■ INFORMATION SUPPLIED:
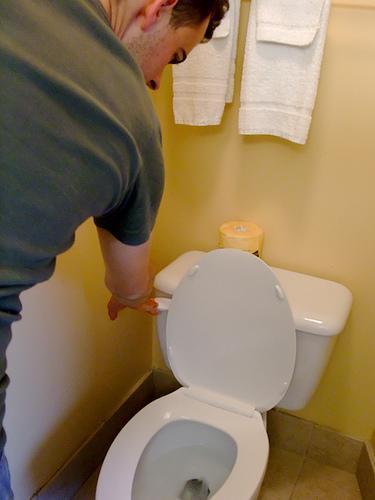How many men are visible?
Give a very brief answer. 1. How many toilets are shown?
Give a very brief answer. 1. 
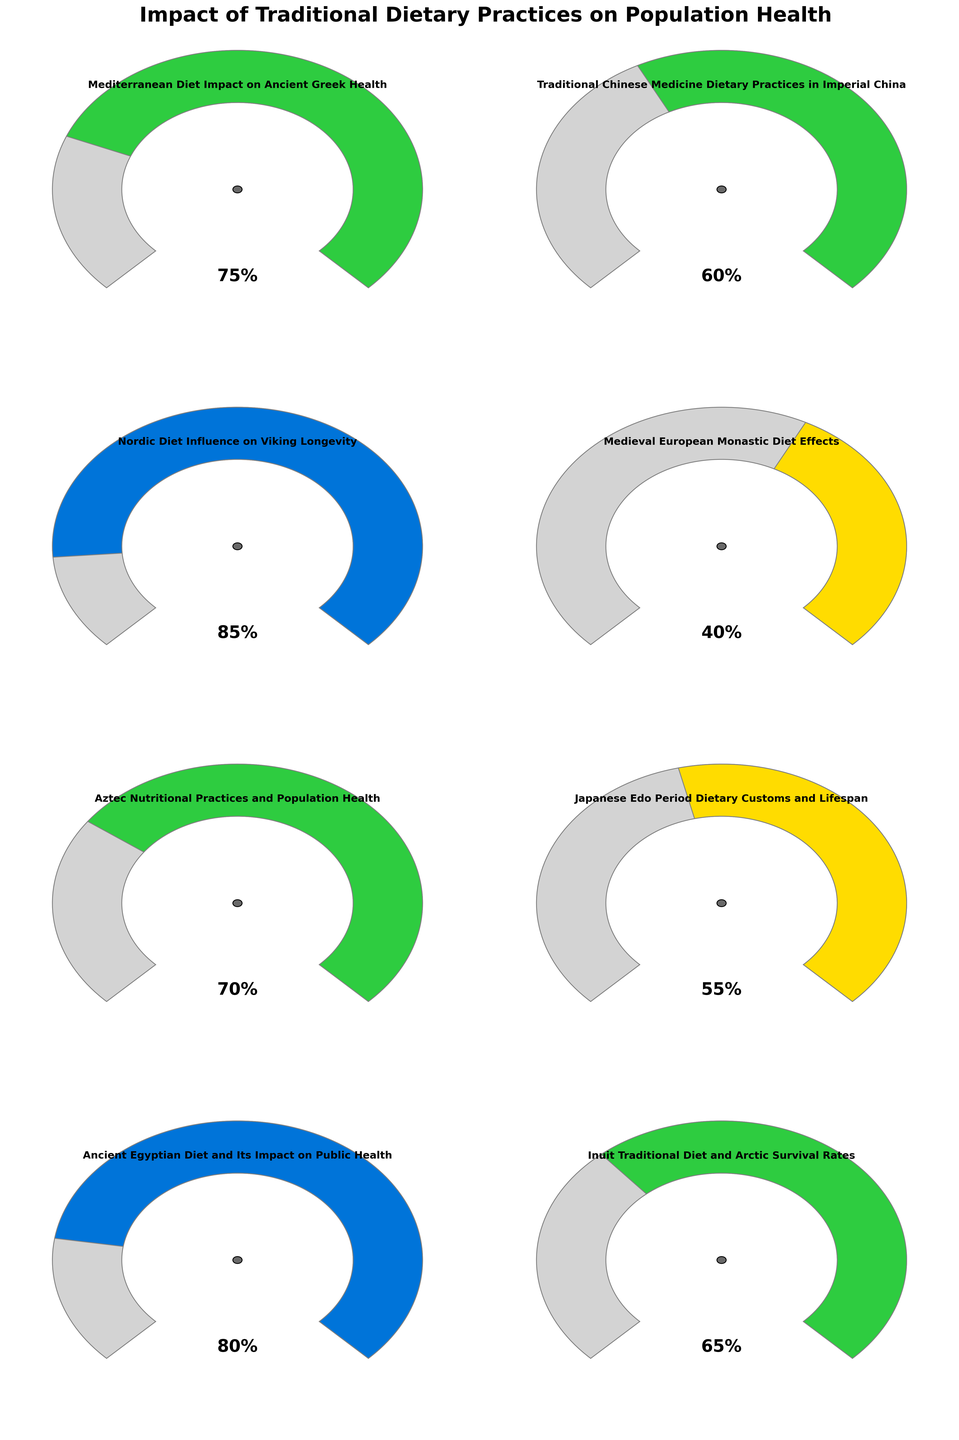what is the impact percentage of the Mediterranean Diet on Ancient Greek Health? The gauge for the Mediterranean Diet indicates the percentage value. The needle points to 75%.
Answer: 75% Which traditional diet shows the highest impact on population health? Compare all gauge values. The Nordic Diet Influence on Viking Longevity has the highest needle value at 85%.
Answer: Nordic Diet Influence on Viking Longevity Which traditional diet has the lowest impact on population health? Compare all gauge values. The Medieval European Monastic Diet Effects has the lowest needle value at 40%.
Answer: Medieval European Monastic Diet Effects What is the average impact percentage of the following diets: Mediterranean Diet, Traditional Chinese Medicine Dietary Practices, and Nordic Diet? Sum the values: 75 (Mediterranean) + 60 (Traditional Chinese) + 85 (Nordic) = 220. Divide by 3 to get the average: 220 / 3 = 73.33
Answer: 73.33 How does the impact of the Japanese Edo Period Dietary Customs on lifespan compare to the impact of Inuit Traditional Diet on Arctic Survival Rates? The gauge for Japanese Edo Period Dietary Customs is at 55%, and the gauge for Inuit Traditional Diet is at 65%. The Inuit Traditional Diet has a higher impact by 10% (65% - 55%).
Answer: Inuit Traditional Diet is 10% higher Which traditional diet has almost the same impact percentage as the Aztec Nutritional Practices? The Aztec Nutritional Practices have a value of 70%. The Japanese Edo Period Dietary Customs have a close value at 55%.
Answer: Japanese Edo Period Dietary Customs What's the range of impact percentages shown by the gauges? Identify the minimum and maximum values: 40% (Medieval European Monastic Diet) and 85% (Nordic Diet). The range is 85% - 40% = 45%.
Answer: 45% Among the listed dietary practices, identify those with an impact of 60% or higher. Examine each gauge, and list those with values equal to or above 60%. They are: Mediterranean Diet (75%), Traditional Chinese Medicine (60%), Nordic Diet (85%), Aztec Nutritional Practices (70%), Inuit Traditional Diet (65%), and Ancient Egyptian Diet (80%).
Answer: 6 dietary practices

■ TASK ITEM: Return the line where "Answer: Inuit Traditional" appears, then every line after it to the end of the listing, all exactly as written.

■ RESULT OF THE EXERCISE:
Answer: Inuit Traditional Diet is 10% higher Which traditional diet has almost the same impact percentage as the Aztec Nutritional Practices? The Aztec Nutritional Practices have a value of 70%. The Japanese Edo Period Dietary Customs have a close value at 55%.
Answer: Japanese Edo Period Dietary Customs What's the range of impact percentages shown by the gauges? Identify the minimum and maximum values: 40% (Medieval European Monastic Diet) and 85% (Nordic Diet). The range is 85% - 40% = 45%.
Answer: 45% Among the listed dietary practices, identify those with an impact of 60% or higher. Examine each gauge, and list those with values equal to or above 60%. They are: Mediterranean Diet (75%), Traditional Chinese Medicine (60%), Nordic Diet (85%), Aztec Nutritional Practices (70%), Inuit Traditional Diet (65%), and Ancient Egyptian Diet (80%).
Answer: 6 dietary practices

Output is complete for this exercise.